Let's make predictions for each person in the testing set.

In the cell below:
1. Read the code carefully
1. Replace the first set of question marks with the name of the method we use to `predict` things
1. Replace the second set of question marks with the name of our testing data
1. Run the cell
1. Once it works, check you understand what it is doing

### Hints
* The name of the method that we use to `predict` things has a fairly obvious name that we have mentioned repeatedly in class. It was used in Step 7. It stats with `pr` and ends in `ict`...
* You just used the testing data in the previous step. If you've forgotten its name, see you answers there.

In [20]:
# Make predictions using the testing data
predictions = trained_model.predict(testing_data)

print("Predictions:")
print(predictions)


# ===========================================================
# You can ignore the code below. It will simply check your code
if 'predictions' in locals():
    if predictions.size == len(testing_data):
        print("Well done!")
    else:
        print("Did you predict using the correct dataset? Try again")
else:
    print("Try again!")

Predictions:
3       11526.732821
7       12573.427264
14       9956.691157
18      17545.225867
29      11003.385600
            ...     
1317     7601.628661
1318    12050.080043
1323    13881.795317
1325    18853.593920
1335     7601.628661
Length: 268, dtype: float64
Well done!


### Instruction (2 of 3)

The part of `statsmodels` that can compare our predictions and the actual answers is in `statsmodels.tools.eval_measures`
1. In the cell below, import `statsmodels.tools.eval_measures`
1. Run the cell

### Hints

We've imported a few things now. There is nothing special about this time. The name of the package is just different.

In [21]:
# Replace the ??? with code to import statsmodels.tools.eval_measures
# This time, don't give it a nickname
import statsmodels.tools.eval_measures
## calculate means sqaured errors

### Instructions (3 of 3)

Time to calculate the mean (average) absolute difference between the predictions and the correct answers.

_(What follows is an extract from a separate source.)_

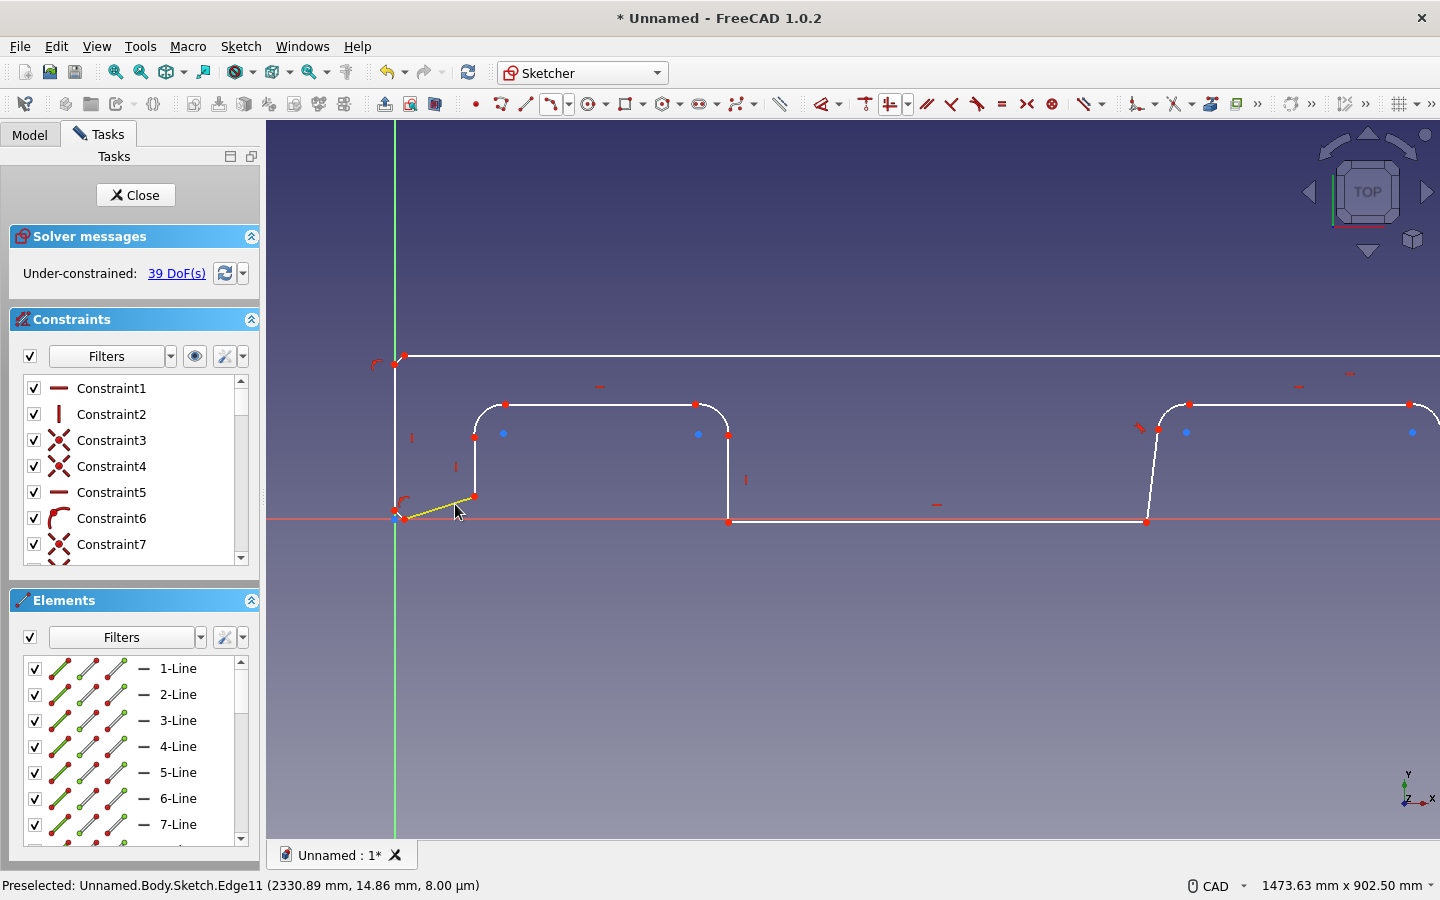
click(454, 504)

To do this, we need to use the package we just imported. It contains a method called `meanabs` that can do the job for us.

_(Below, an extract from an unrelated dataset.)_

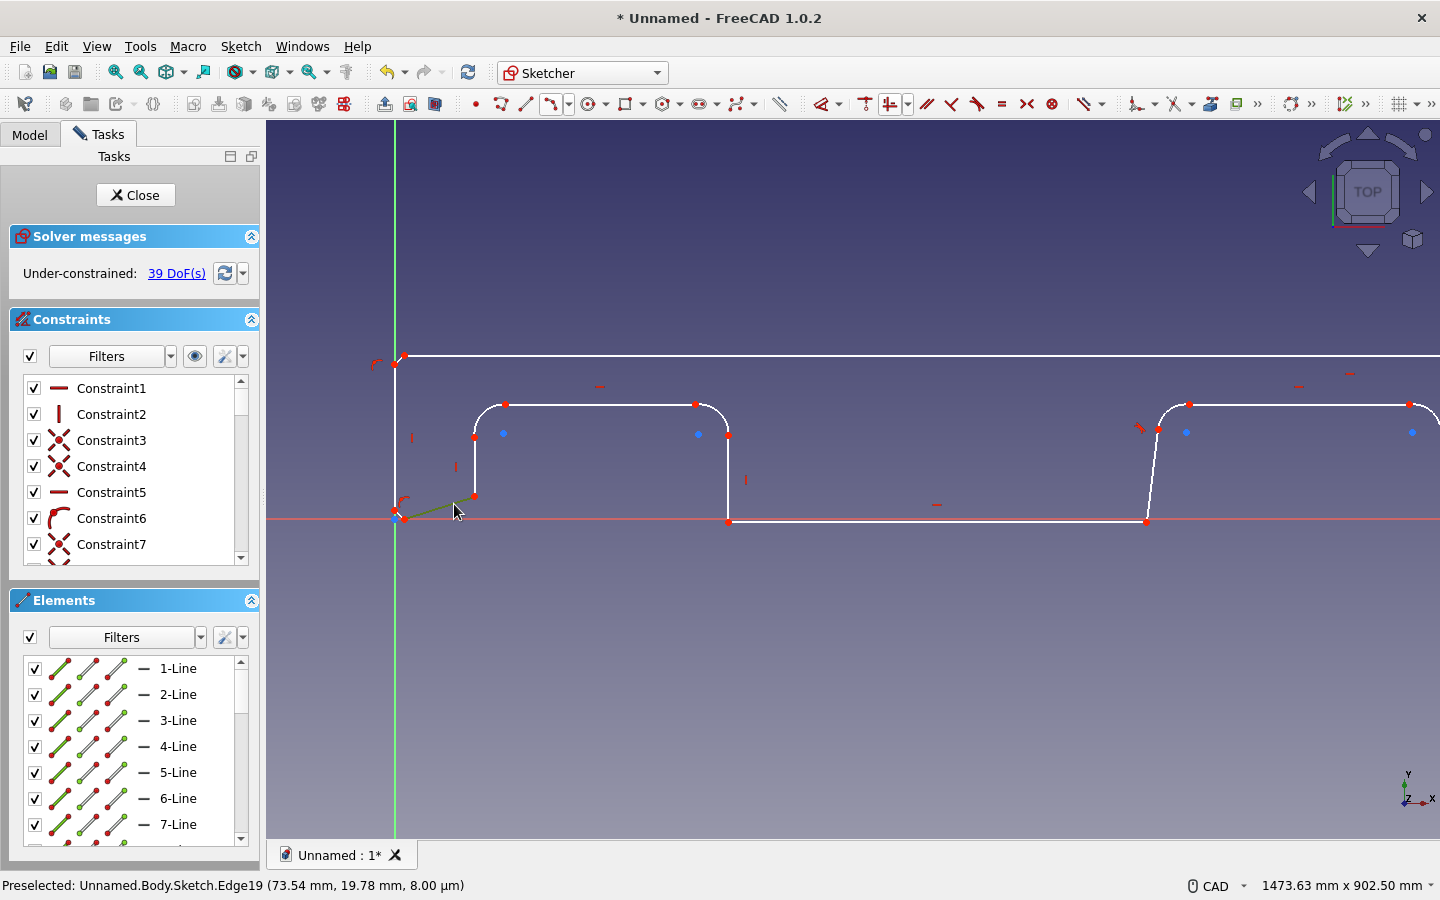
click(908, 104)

In the cell below we compare the results to the actual answers
1. Read all the code and its comments
1. Replace the first set of question marks with the name of the package we just imported
1. Replace the second set of question marks with the method we want to use (`meanabs`).
1. Replace the third set of question marks with the variable holding predictions we just made
1. Run the cell
1. Once it works, review what you've just written
1. Write down the error value. You will need it in the next notebook

### Hints

* When you use the package, you need to write it out in full (including the fullstops)
* You made the variables holding the predictions you made a minute or two ago. Scroll up if you've forgotten its name.
* Your error value should be more than $8000. If it is less, something is wrong.

In [25]:
# Get the correct answers
correct_answers = testing_data.charges

# Replace question marks below so that we can compare
# these correct answers to the predictions we have made
statsmodels.tools.eval_measures.meanabs(correct_answers, predictions)

9356.249186826748

## Final Step

Wow! You've covered a lot.

Here's what you've done:

1. Imported a number of ML libraries
1. Opened raw data into a format the computer understands
1. Looked at it
1. Graphed it
1. Made a model
1. Trained the model
1. Looked at how well it works

The only downside is that the model has not worked as well as we want. Remember, we wanted most estimations of healthcare insurance charges to be within $5000 of the real thing.

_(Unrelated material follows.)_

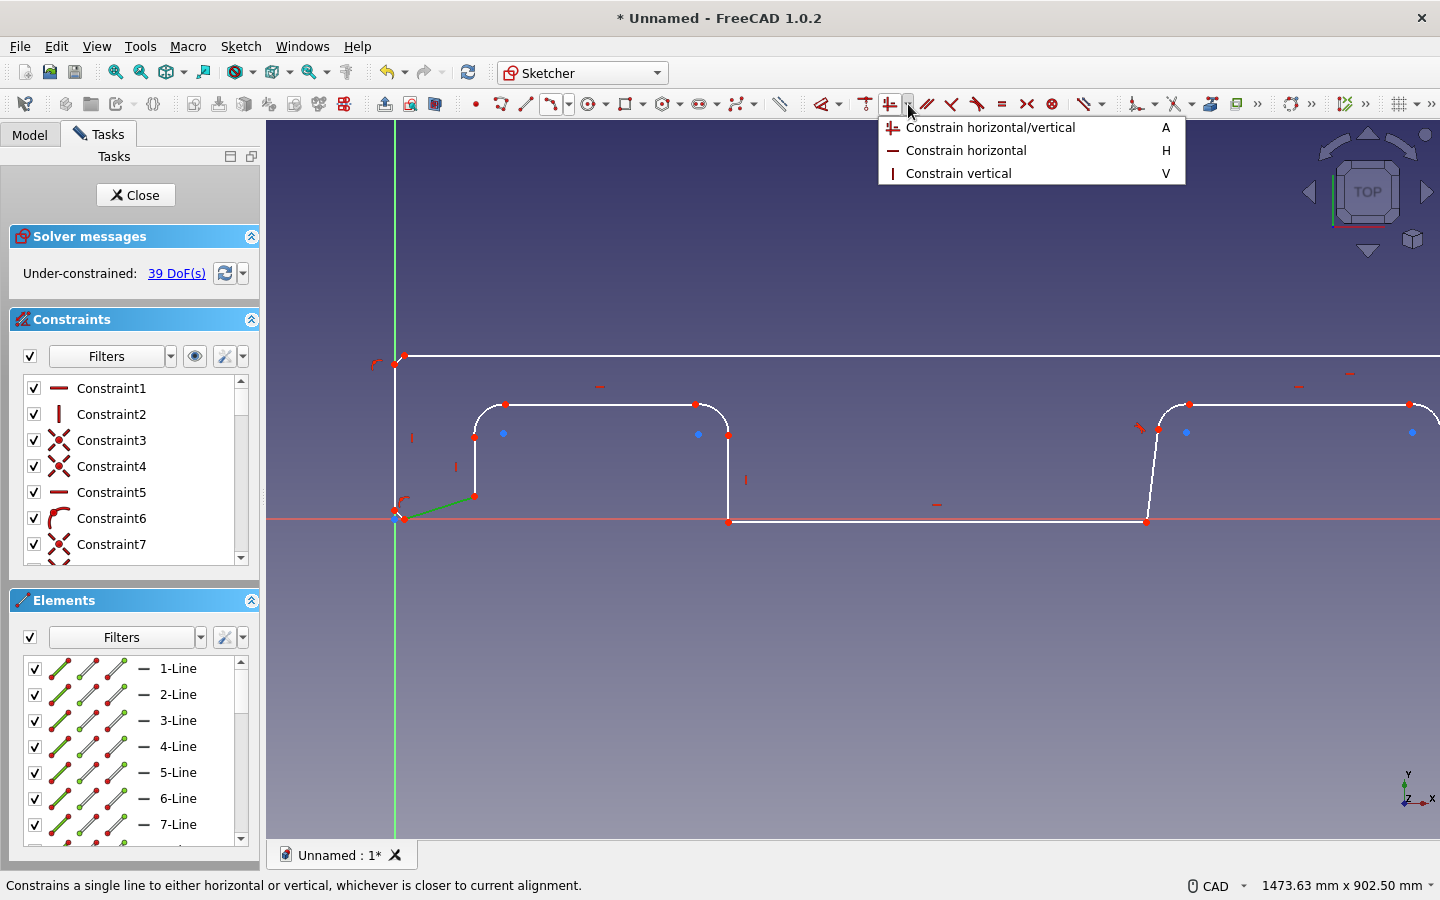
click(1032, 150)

The next notebook we will build a model that uses more than one feature, hoping that it will achieve our goal.

### Instructions

1. Take a quick breather, then read this completed notebook from start to finish. Try to see everything you've done and understand how you did it.
1. Move onto the second notebook. Keep this one open though - you can use it as a reference to help you complete that second.